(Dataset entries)
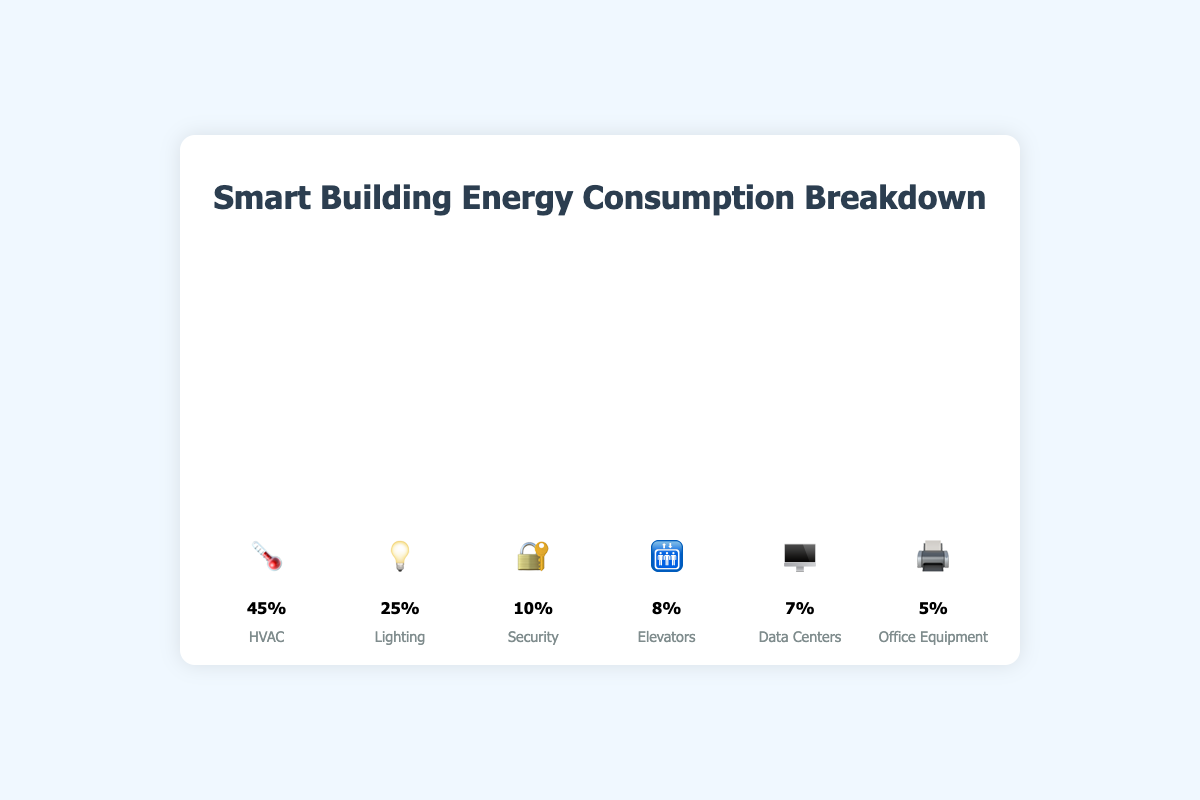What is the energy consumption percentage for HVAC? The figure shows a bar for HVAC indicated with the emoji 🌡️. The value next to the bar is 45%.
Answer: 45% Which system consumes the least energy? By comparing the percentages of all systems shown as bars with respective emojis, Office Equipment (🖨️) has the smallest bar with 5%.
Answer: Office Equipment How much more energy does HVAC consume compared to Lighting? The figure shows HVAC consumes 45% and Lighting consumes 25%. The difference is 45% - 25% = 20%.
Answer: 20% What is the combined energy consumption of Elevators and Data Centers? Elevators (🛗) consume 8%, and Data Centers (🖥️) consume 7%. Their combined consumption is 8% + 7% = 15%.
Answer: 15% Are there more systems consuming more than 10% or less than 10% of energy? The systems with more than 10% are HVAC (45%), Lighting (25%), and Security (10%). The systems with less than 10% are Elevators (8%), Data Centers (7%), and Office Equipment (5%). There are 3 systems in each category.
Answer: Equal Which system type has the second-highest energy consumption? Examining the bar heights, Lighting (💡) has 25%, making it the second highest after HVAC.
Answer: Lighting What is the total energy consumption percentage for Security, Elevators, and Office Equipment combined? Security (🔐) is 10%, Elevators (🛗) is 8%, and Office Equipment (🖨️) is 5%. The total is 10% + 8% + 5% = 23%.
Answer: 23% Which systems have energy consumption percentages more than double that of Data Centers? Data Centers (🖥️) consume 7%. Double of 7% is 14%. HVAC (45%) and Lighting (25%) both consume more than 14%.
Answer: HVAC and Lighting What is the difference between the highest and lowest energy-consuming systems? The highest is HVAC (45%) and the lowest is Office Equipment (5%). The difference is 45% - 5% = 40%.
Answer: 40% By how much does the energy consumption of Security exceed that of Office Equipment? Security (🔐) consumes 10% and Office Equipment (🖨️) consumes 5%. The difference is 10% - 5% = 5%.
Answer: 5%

- **REQUIRED WORK**
Apart from the pictures, which are to be omitted, every record must be transcribed exactly.

- **YOUR RESPONSE**
What is the energy consumption percentage for HVAC? The figure shows a bar for HVAC indicated with the emoji 🌡️. The value next to the bar is 45%.
Answer: 45% Which system consumes the least energy? By comparing the percentages of all systems shown as bars with respective emojis, Office Equipment (🖨️) has the smallest bar with 5%.
Answer: Office Equipment How much more energy does HVAC consume compared to Lighting? The figure shows HVAC consumes 45% and Lighting consumes 25%. The difference is 45% - 25% = 20%.
Answer: 20% What is the combined energy consumption of Elevators and Data Centers? Elevators (🛗) consume 8%, and Data Centers (🖥️) consume 7%. Their combined consumption is 8% + 7% = 15%.
Answer: 15% Are there more systems consuming more than 10% or less than 10% of energy? The systems with more than 10% are HVAC (45%), Lighting (25%), and Security (10%). The systems with less than 10% are Elevators (8%), Data Centers (7%), and Office Equipment (5%). There are 3 systems in each category.
Answer: Equal Which system type has the second-highest energy consumption? Examining the bar heights, Lighting (💡) has 25%, making it the second highest after HVAC.
Answer: Lighting What is the total energy consumption percentage for Security, Elevators, and Office Equipment combined? Security (🔐) is 10%, Elevators (🛗) is 8%, and Office Equipment (🖨️) is 5%. The total is 10% + 8% + 5% = 23%.
Answer: 23% Which systems have energy consumption percentages more than double that of Data Centers? Data Centers (🖥️) consume 7%. Double of 7% is 14%. HVAC (45%) and Lighting (25%) both consume more than 14%.
Answer: HVAC and Lighting What is the difference between the highest and lowest energy-consuming systems? The highest is HVAC (45%) and the lowest is Office Equipment (5%). The difference is 45% - 5% = 40%.
Answer: 40% By how much does the energy consumption of Security exceed that of Office Equipment? Security (🔐) consumes 10% and Office Equipment (🖨️) consumes 5%. The difference is 10% - 5% = 5%.
Answer: 5%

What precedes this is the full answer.